If I roll down a hill and drop it in 2nd gear ( haven't tried any other gear) it starts right up like a champ.....but never any other time. I just got the car back from having bottom end and top end built and was starting up fine when I turned the key and out of nowhere with no warning I inherit this issue which sounds more and more like a riddle every time I try explaining the symptoms so I can get the right diagnosis, I'm slightly mechanically inclined.... So my first thought was the starter is bad, so of course I had to wait on a new one for over a month because it was on backorder everywhere ........


So I installed the starter, direct replacement so I know it is wired correctly, and when I turned the key, NOTHING.... checked all the fuses, which still didn't fix issue.....

Got alternator tested after I got it jump started.... Mind you, it WILL NOT take a jump from another car via jumper cables, and they said the alternator is good ..... So now I am LOST.....


I had my battery (cheap valuecraft ) which was a sidemount setup relocated in the trunk just rigged up with electric tape linking the lead wires from battery to the original terminal points, and had starting issues in past dealing with bad grounds, so assuming that rigged trunk mount battery could potentially be part of the problem, I ditched it for a duralast gold battery (instead of my preferred optima redtop I was a hair away from buying) because it has a 5 year warranty compared to the 3 year optima warranty......

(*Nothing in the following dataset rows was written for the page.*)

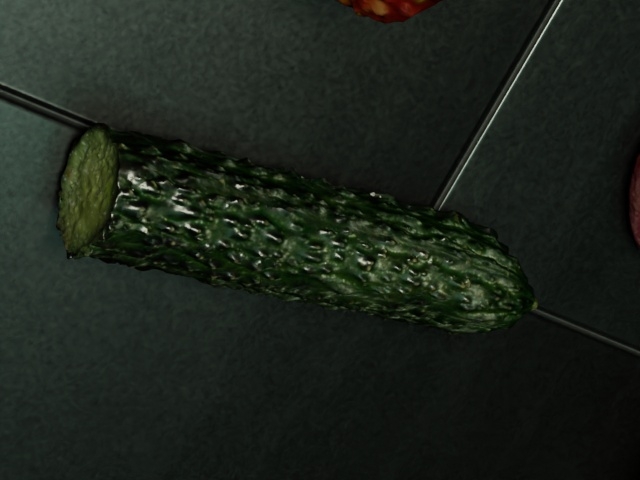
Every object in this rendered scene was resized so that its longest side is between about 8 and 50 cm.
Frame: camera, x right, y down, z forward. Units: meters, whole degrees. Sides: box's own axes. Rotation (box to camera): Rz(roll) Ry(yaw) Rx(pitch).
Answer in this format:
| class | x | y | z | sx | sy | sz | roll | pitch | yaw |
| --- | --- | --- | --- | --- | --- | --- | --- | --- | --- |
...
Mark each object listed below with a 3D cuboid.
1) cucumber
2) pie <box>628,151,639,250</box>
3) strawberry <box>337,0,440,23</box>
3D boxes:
| class | x | y | z | sx | sy | sz | roll | pitch | yaw |
| --- | --- | --- | --- | --- | --- | --- | --- | --- | --- |
| cucumber | 0.000 | 0.000 | 1.282 | 0.359 | 0.096 | 0.096 | 11 | 110 | -29 |
| pie | 0.314 | -0.048 | 1.412 | 0.182 | 0.049 | 0.182 | -12 | 124 | -19 |
| strawberry | 0.069 | -0.314 | 1.079 | 0.292 | 0.292 | 0.343 | -8 | 142 | -19 |
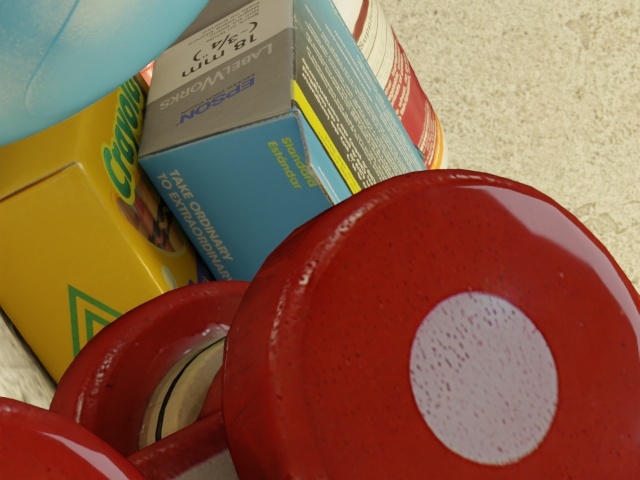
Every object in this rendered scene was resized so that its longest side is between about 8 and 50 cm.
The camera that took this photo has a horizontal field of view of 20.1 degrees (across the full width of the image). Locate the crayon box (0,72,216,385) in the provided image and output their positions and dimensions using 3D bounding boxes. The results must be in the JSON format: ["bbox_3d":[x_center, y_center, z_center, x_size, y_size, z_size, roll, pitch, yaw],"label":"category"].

But anyways after installing the miata duralast gold new battery in, and extending the fuel pump wire up to the front through the firewall and to the positive terminal, but I DID ADD AN INLINE FUSE thinking I did the right thing? Fuel pump kicks in nice and strong (I always allow it to prime up before starting the car with the turn key method which I would kill to just be able to do right now lol.....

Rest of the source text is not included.